[Goal of the exercise]
The entries below are to be restated exactly, and their images are to be omitted.

(Excerpts from a dataset)
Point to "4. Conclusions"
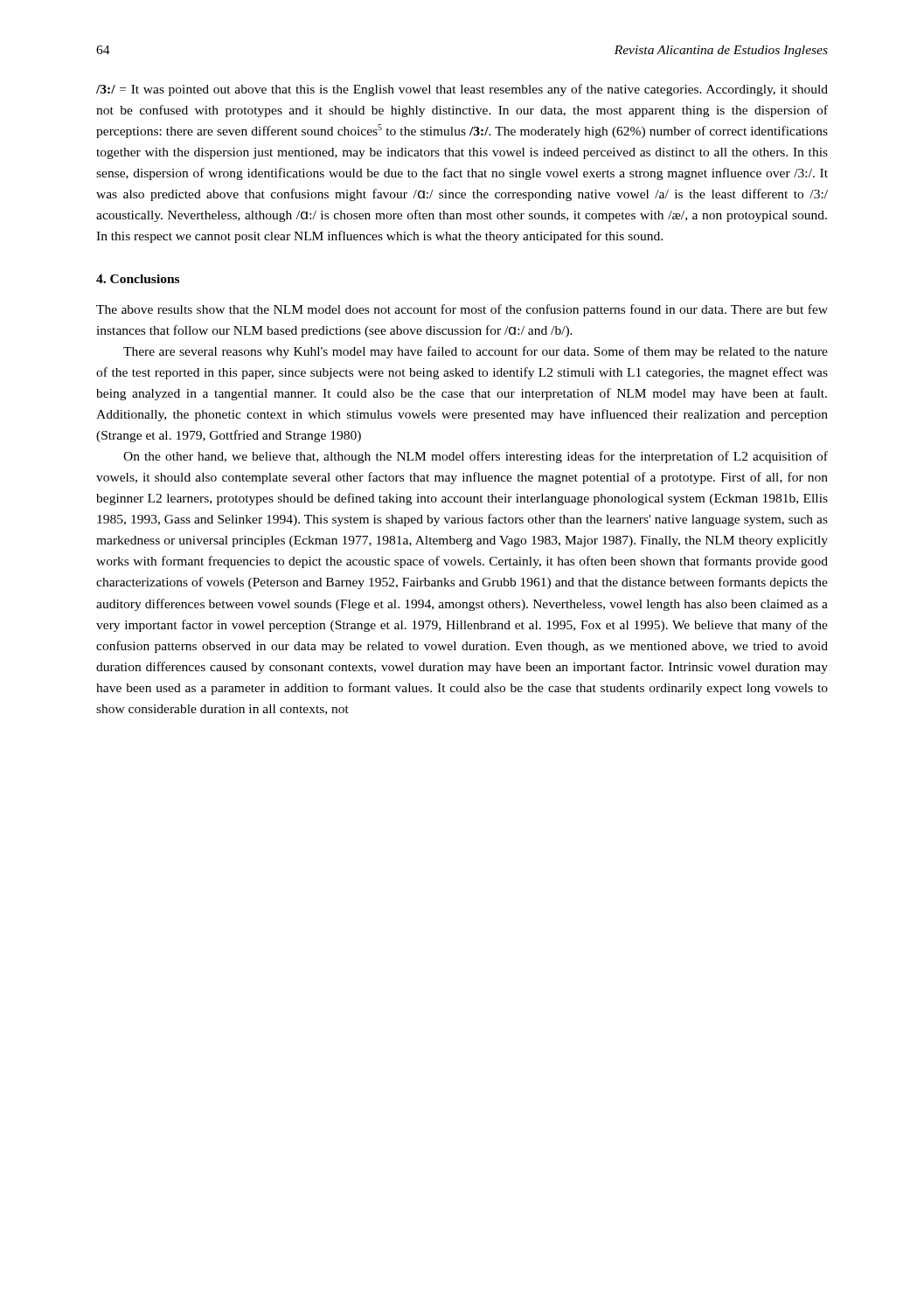The image size is (924, 1311). (138, 279)
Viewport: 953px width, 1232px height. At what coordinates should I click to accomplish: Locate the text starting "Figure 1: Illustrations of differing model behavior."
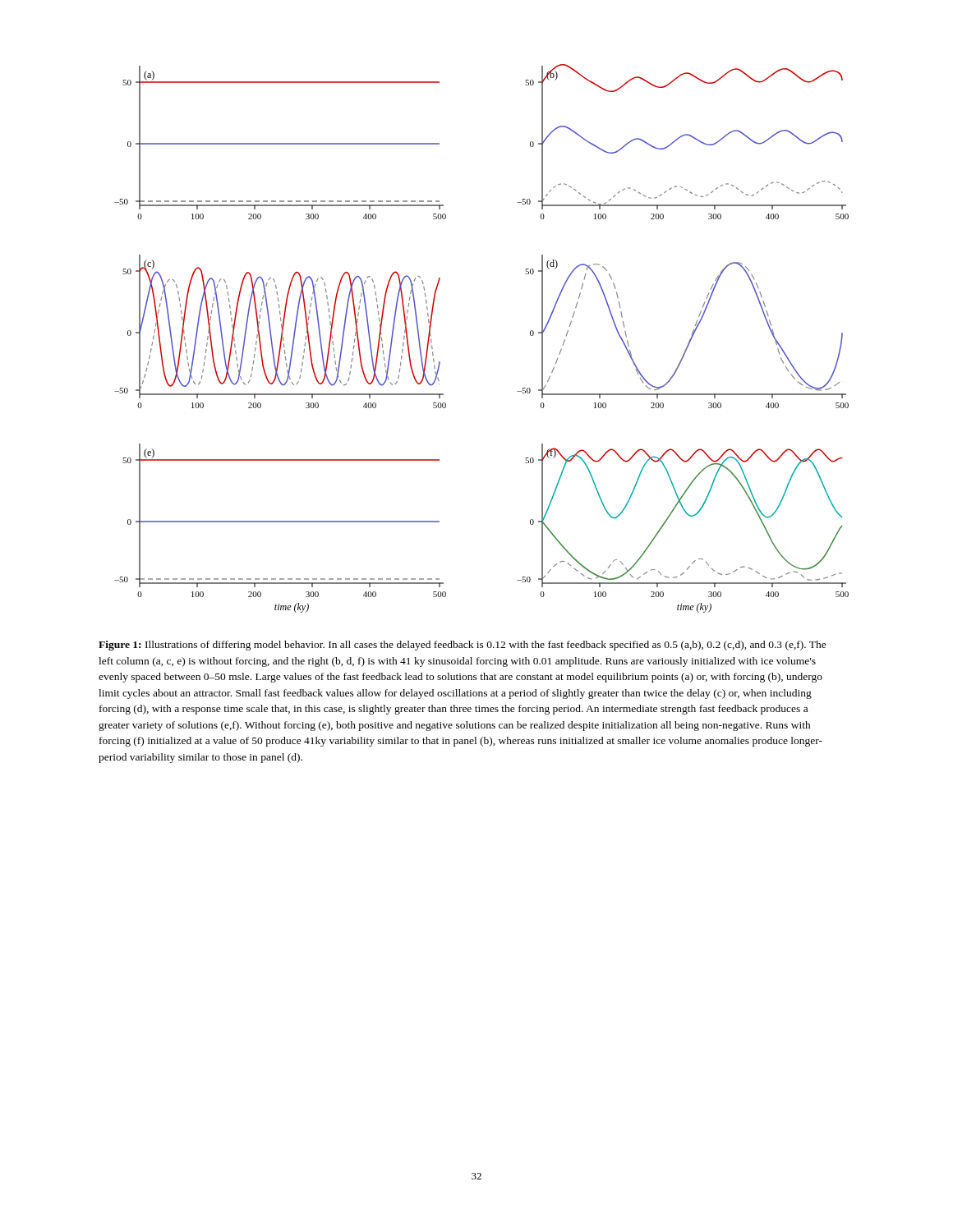pyautogui.click(x=468, y=701)
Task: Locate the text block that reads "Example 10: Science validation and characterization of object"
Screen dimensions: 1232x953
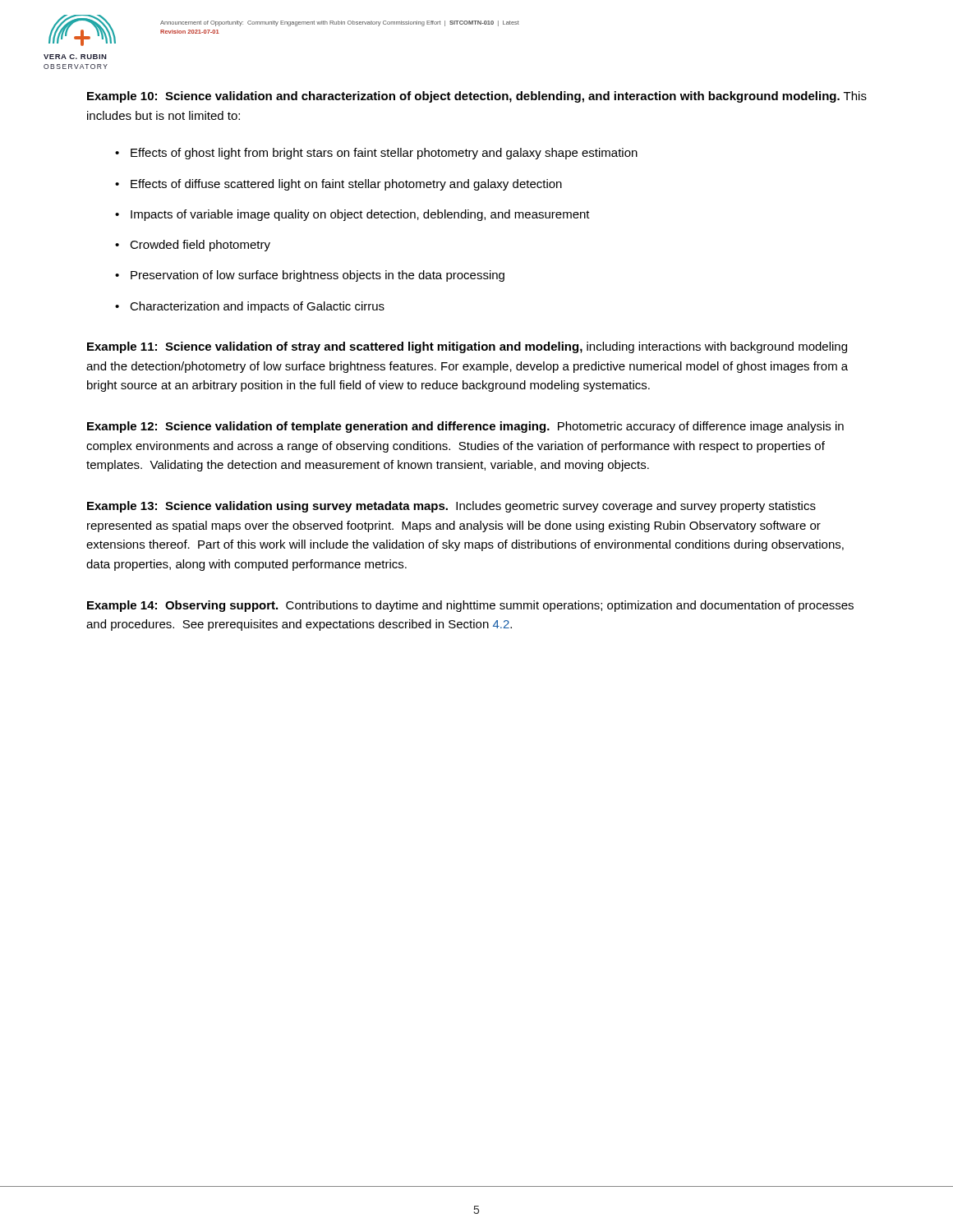Action: pos(476,105)
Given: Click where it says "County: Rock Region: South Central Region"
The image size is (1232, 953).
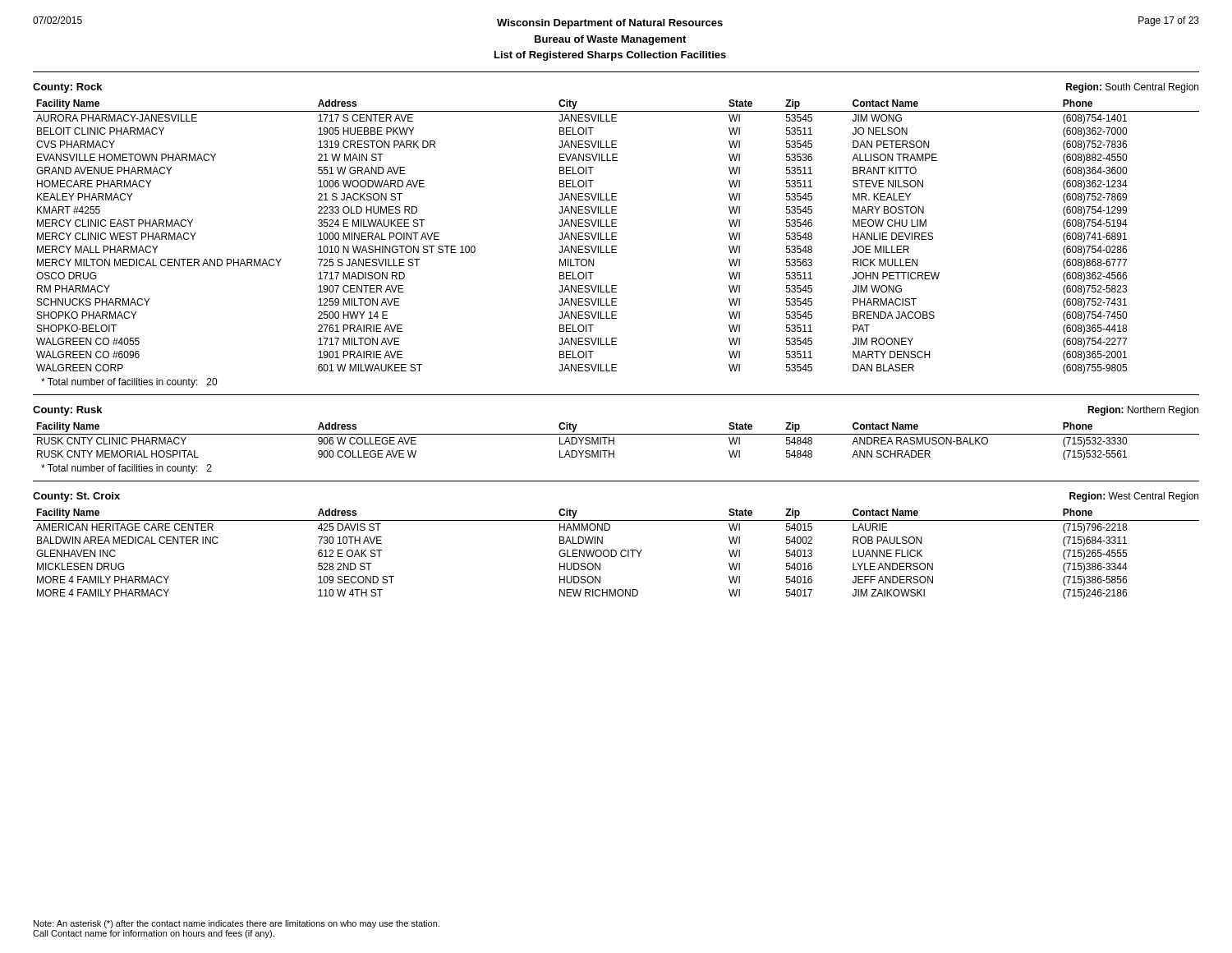Looking at the screenshot, I should coord(71,89).
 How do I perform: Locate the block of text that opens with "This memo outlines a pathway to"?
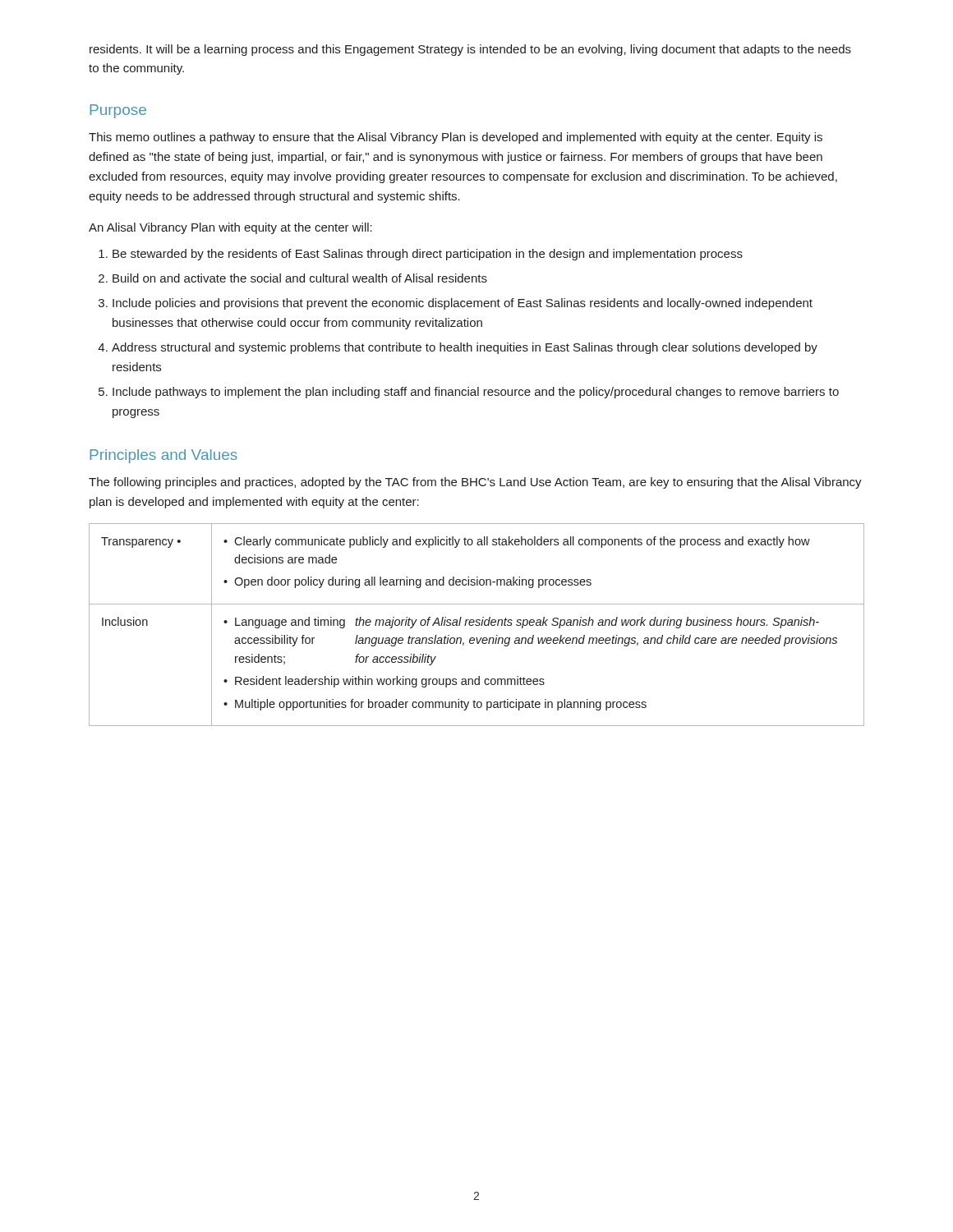click(x=463, y=166)
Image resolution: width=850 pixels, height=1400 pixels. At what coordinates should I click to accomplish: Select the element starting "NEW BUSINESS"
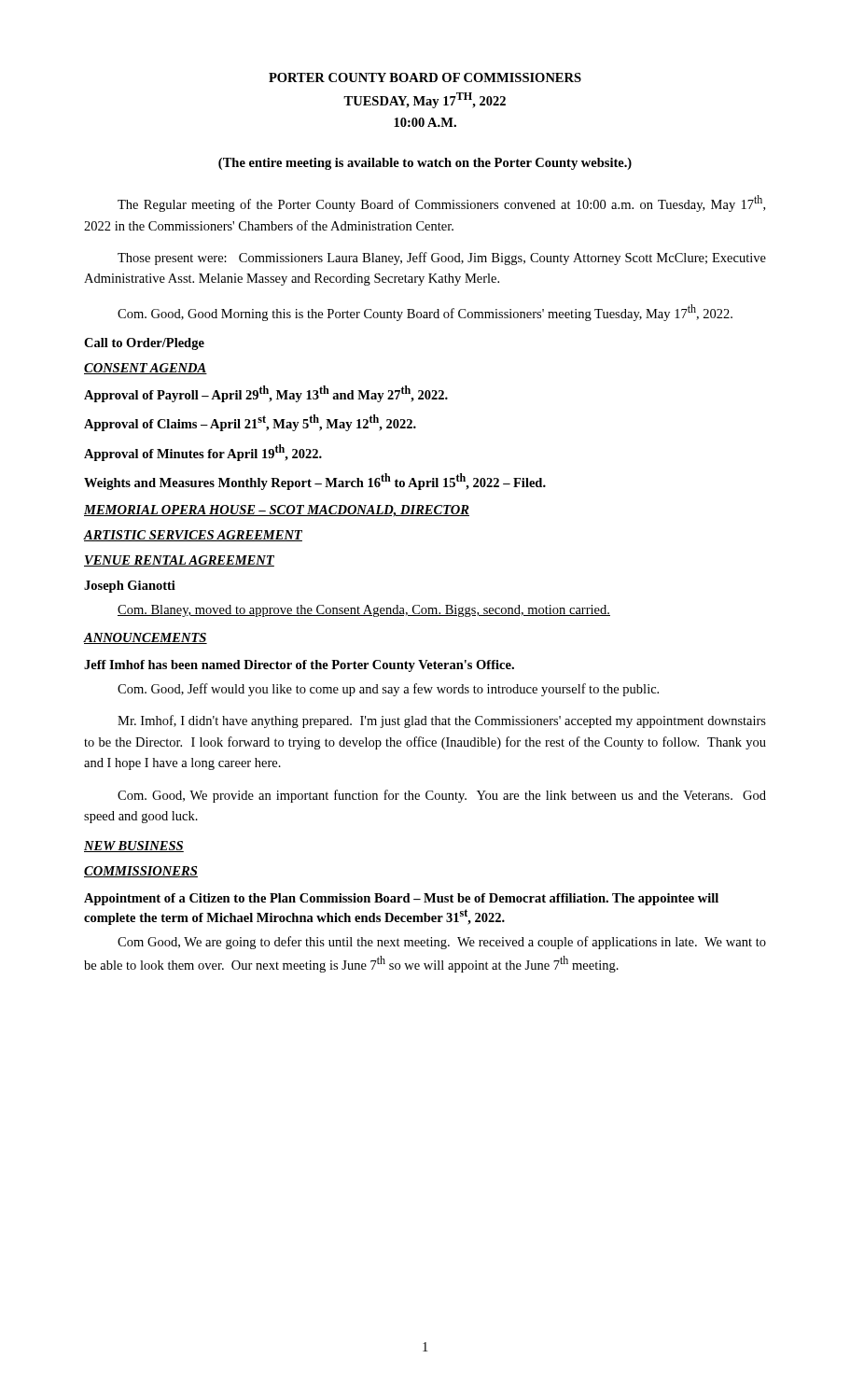click(x=134, y=845)
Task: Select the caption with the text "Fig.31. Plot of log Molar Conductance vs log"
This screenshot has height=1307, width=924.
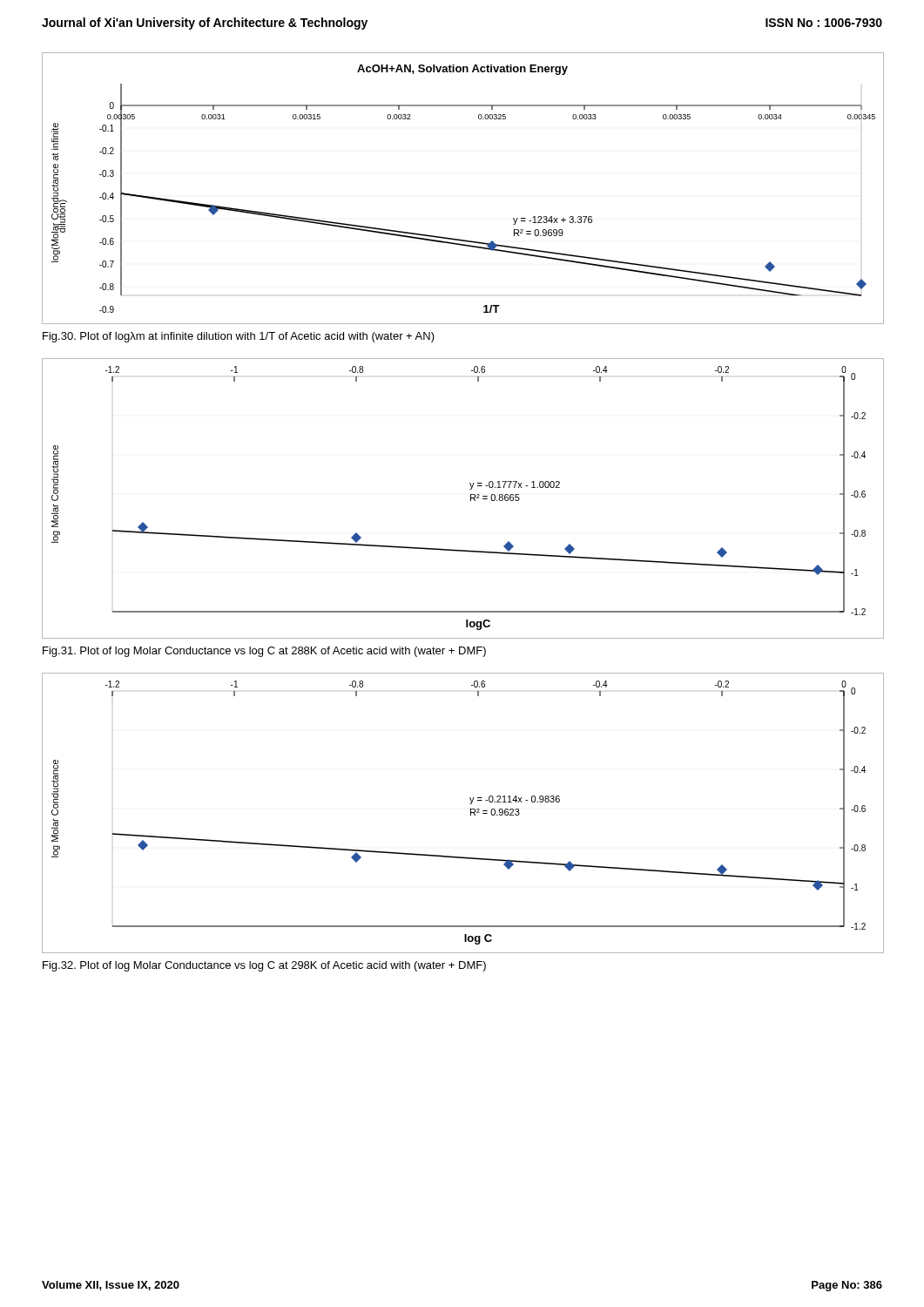Action: click(x=264, y=650)
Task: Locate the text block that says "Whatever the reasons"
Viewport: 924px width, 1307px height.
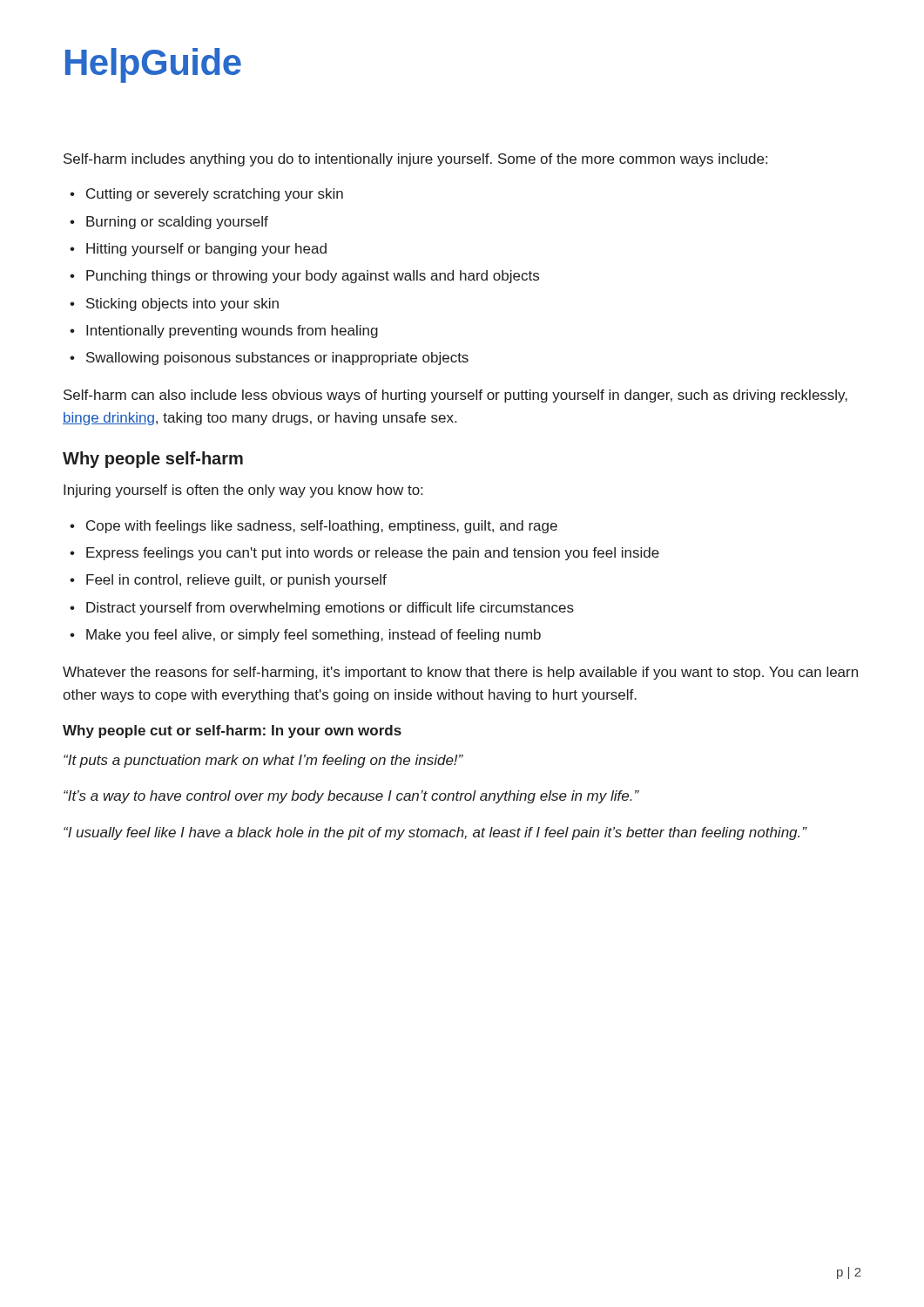Action: coord(461,683)

[Exercise result]
Point to "4. Conclusions"
The image size is (924, 1311). (138, 279)
Viewport: 953px width, 1232px height. At what coordinates should I click to accomplish: Locate the text starting "Figure 1: Illustrations of differing model behavior."
pyautogui.click(x=468, y=701)
Task: Locate the text block that reads "Example 10: Science validation and characterization of object"
Screen dimensions: 1232x953
Action: pos(476,105)
Given: Click where it says "County: Rock Region: South Central Region"
The image size is (1232, 953).
Looking at the screenshot, I should coord(71,89).
 How do I perform: Locate the block of text that opens with "This memo outlines a pathway to"?
click(x=463, y=166)
Image resolution: width=850 pixels, height=1400 pixels. At what coordinates should I click to accomplish: Select the element starting "NEW BUSINESS"
click(x=134, y=845)
Task: Select the caption with the text "Fig.31. Plot of log Molar Conductance vs log"
This screenshot has height=1307, width=924.
Action: click(x=264, y=650)
Task: Locate the text block that says "Whatever the reasons"
Viewport: 924px width, 1307px height.
Action: coord(461,683)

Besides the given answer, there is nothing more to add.